Polydactyly in the mouse mutant Doublefoot involves altered Gli3 processing and is caused by a large deletion in cis to Indian hedgehog.
Babbs C., Furniss D., Morriss-Kay GM., Wilkie AO.
The mouse mutant Doublefoot (Dbf) shows preaxial polydactyly with 6-9 triphalangeal digits in all four limbs and additional abnormalities including a broadened skull, hydrocephalus, and a thickened, kinked tail. The autopod undergoes a characteristic expansion between late embryonic day (E) 10.5 and E11.5, following the onset of ectopic Indian hedgehog (Ihh) expression in the entire distal mesenchyme, except for the zone of polarising activity (ZPA), at E10.5. We show here that limb prepattern, as indicated by expression of Gli3 and Hand2 at E9.5 is unaffected by the mutation. As both Sonic hedgehog (Shh) and Ihh expression are present in Dbf limb buds at E10.5, we generated Dbf/(+);Shh(-/-) mutants to analyse the effects of different patterns of Hedgehog activity on the limb phenotype and molecular differentiation. Dbf/(+) embryos lacking Shh showed postaxial as well as preaxial polydactyly, and the Ihh expression domain extended posteriorly into the domain in which Shh is normally expressed, indicating loss of ZPA identity. Differences in gene expression patterns in wild type, single and compound mutants were associated with differences in Gli3 processing: an increased ratio of Gli3 activator to Gli3 repressor was observed in the anterior half of Dbf/(+) limb buds and in both anterior and posterior halves of compound mutant limb buds at E10.5. To identify the cause of Ihh misregulation in Dbf/(+) mutants, we sequenced approximately 20 kb of genomic DNA around Ihh but found no pathogenic changes.

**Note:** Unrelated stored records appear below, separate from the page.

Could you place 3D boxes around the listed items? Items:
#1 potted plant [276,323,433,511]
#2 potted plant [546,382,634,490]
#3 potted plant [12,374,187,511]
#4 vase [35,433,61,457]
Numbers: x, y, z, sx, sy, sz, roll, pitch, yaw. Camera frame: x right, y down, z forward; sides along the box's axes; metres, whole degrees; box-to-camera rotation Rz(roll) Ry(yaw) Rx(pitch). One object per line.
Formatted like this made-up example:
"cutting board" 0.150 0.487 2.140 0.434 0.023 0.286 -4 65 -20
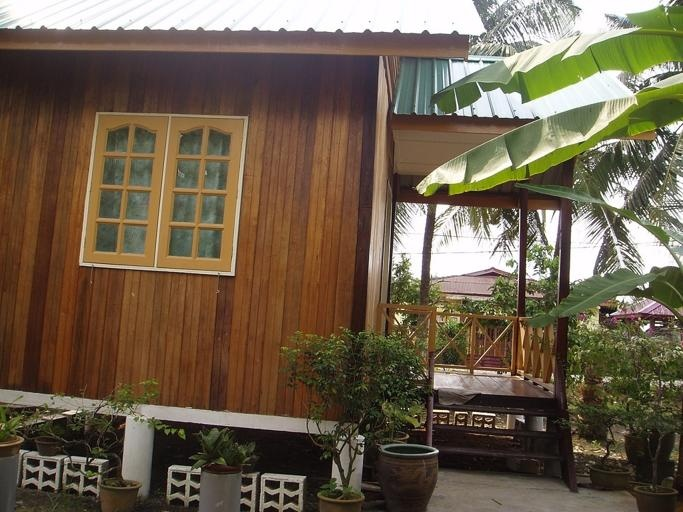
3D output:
"potted plant" 0.114 1.684 6.501 1.543 1.814 0.758 3 -6 -6
"potted plant" 3.625 2.433 8.675 0.946 1.603 1.143 -22 -28 33
"potted plant" -2.613 1.938 6.954 1.773 1.368 1.374 3 -12 -1
"vase" -3.295 2.179 6.961 0.271 0.147 0.284 5 -17 1
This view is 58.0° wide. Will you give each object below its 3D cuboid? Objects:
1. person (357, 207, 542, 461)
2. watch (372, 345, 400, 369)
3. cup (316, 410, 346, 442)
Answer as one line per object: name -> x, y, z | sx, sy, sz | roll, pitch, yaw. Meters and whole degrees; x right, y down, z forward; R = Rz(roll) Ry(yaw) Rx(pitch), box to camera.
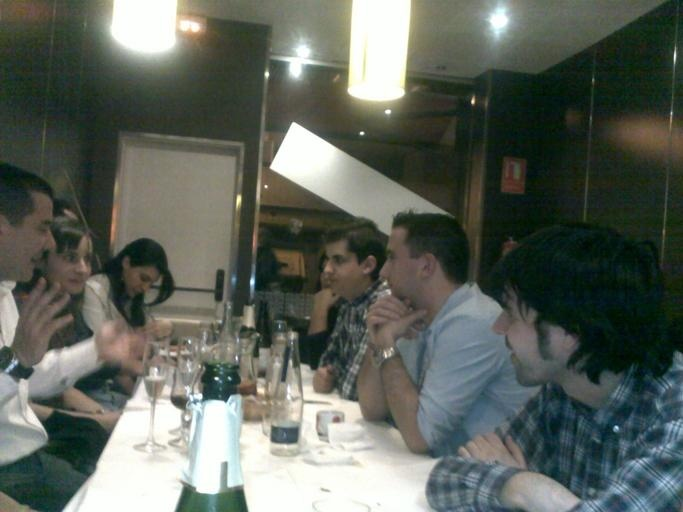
person -> 0.314, 0.265, 1.935 | 0.469, 0.404, 0.864 | 4, 38, -4
watch -> 0.140, 0.311, 1.924 | 0.075, 0.047, 0.071 | -26, -28, 8
cup -> -0.026, 0.481, 1.730 | 0.072, 0.060, 0.071 | 0, -8, 0
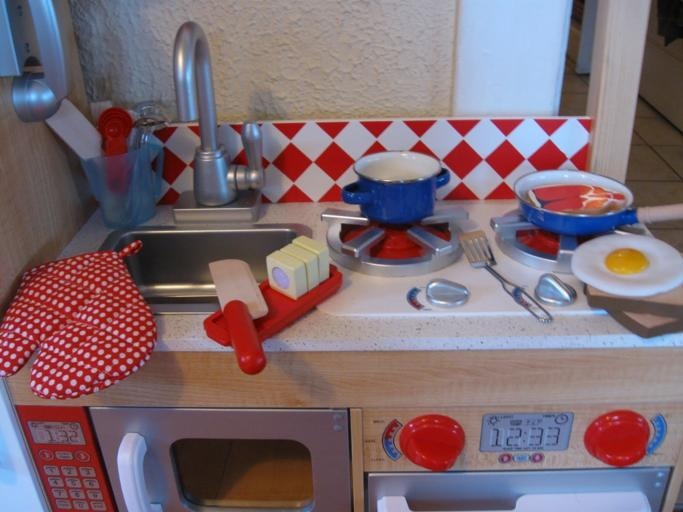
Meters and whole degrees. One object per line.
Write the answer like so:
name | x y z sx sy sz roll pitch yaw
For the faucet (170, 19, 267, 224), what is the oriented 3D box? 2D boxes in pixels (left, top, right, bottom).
faucet | -0.318 -0.308 1.410 0.241 0.481 0.254 -6 25 -11

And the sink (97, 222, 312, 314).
sink | -0.401 0.003 1.421 0.401 0.106 0.232 0 48 -3
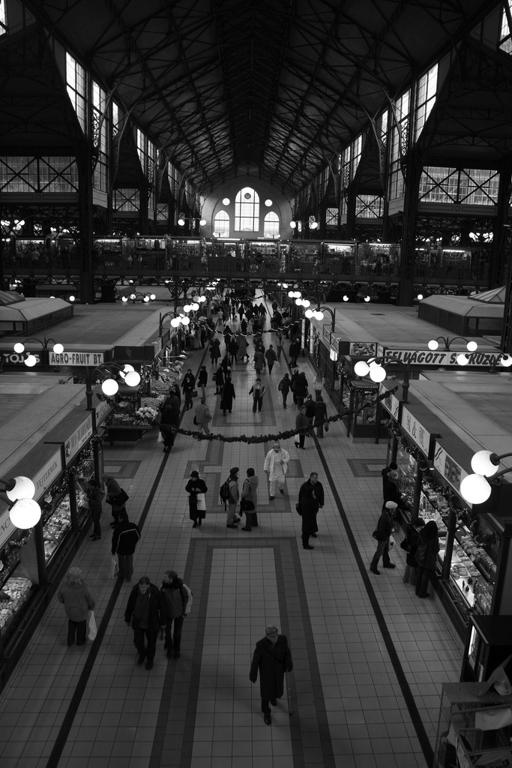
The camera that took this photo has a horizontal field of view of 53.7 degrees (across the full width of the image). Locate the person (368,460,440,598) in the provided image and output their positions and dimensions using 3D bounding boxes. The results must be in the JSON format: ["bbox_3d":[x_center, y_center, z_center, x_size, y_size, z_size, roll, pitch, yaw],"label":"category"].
[{"bbox_3d":[2.532,2.466,8.559,0.419,1.510,1.417,-7,26,-19],"label":"person"}]

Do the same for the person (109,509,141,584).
[{"bbox_3d":[-2.016,2.449,7.751,0.353,1.203,0.878,0,5,-17],"label":"person"}]

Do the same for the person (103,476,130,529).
[{"bbox_3d":[-2.628,2.208,9.439,0.423,0.970,0.416,-16,42,-22],"label":"person"}]

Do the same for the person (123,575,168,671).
[{"bbox_3d":[-1.234,2.636,5.706,0.438,1.259,0.583,-1,5,-26],"label":"person"}]

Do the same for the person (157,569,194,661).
[{"bbox_3d":[-0.983,2.652,5.963,0.428,1.118,0.356,-3,11,-30],"label":"person"}]
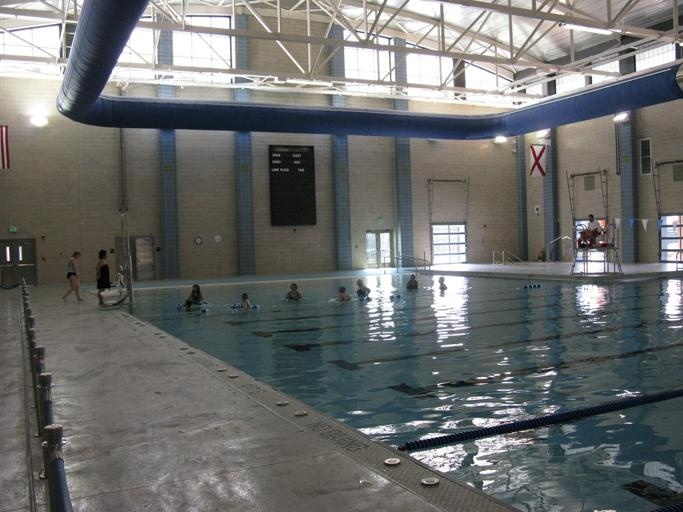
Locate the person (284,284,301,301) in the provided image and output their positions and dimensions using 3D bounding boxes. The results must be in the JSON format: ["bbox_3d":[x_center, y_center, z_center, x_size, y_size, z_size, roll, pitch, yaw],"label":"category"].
[{"bbox_3d":[-1.350,0.990,14.623,0.411,0.434,0.783,-2,-1,-8],"label":"person"}]

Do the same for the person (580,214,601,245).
[{"bbox_3d":[7.986,-0.856,16.792,0.624,1.063,1.665,-3,-1,25],"label":"person"}]

However, Southern blot analysis revealed a approximately 600 kb deletion disrupting or deleting 25 transcripts, starting 50 kb 5' of Ihh and extending away from the gene. The large deletion interval may explain the wide range of abnormalities in Dbf/(+) mutants. However, we did not detect anologous deletions in cases of Laurin-Sandrow syndrome, a human disorder that shows phenotypic similarities to Dbf.